- Published: 06.01.2022.
Minister Grlić Radman: Mostar good model for electoral reform to prevent outvoting
"The electoral law should be changed so that it reflects the example from Mostar in order to allow for a fair representation of the constituent peoples in the collective bodies based on the Dayton peace agreement," Grlić Radman said at a press conference in the southern city.
He said that this "primarily refers to the tripartite Bosnia and Herzegovina Presidency and the House of Peoples", adding that he was thinking primarily of the Croatian people.
In June 2020, Dragan Čović, leader of the Bosnian Croat HDZ BiH party, and Bakir Izetbegović, leader of the Bosniak SDA party, signed an agreement on local elections in Mostar and an agreement amending the electoral law to eliminate discrimination in accordance with the judgements of the European Court of Human Rights and the BiH Constitutional Court in the Ljubić case.
Those agreements made it possible to hold local elections in Mostar after 12 years, and the Bosniaks are not outvoted by the Croats in the City Council.
Present at the signing ceremony were representatives of the US and EU administration, the UK, the Office of the High Representative and the OSCE mission.
Representatives of the EU and the US have been trying for months to mediate in amending the electoral law in at the level of the state, but there is no progress between the Bosniak and the Croat population.
On Wednesday, Grlić Radman said that it was contrary to the Dayton peace agreement that Croats were outvoted at the state level of the state.
"That is contrary to the spirit and letter of the Dayton peace agreement.

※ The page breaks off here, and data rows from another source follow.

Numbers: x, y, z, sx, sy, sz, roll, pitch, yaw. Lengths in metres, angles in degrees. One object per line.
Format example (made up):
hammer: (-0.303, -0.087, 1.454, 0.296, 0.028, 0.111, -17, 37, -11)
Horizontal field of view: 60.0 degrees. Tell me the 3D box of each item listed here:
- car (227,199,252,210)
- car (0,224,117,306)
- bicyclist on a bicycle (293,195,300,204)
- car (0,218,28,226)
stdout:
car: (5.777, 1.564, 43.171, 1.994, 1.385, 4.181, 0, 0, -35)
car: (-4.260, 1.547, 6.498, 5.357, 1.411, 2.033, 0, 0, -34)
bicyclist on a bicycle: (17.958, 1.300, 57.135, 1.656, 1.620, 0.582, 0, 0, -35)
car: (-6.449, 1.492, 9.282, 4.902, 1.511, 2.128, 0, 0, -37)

Necessary amendments to the electoral law should remove all forms of discrimination and inequality and ensure legitimate political representation of the Croatian people in collective bodies," Minister Grlić Radman said.
The political agreement on Mostar has overcome interethnic disputes and ensured the functioning of the city, Mayor Kordić said.
"I think everyone understands that this is the way how BiH should function because this city has been functioning normally for the last nine months," he said.
In the evening, Grlić Radman met with the Bishop of Mostar, Petar Palić, and the head of the Franciscan Province of Herzegovina, Miljenko Šteko, ending his two-day visit to Bosnia and Herzegovina.
Grlić Radman stopped over at Grabovica, near Mostar, to pay tribute to 32 Croat civilians massacred by the Bosnian army in September 1993.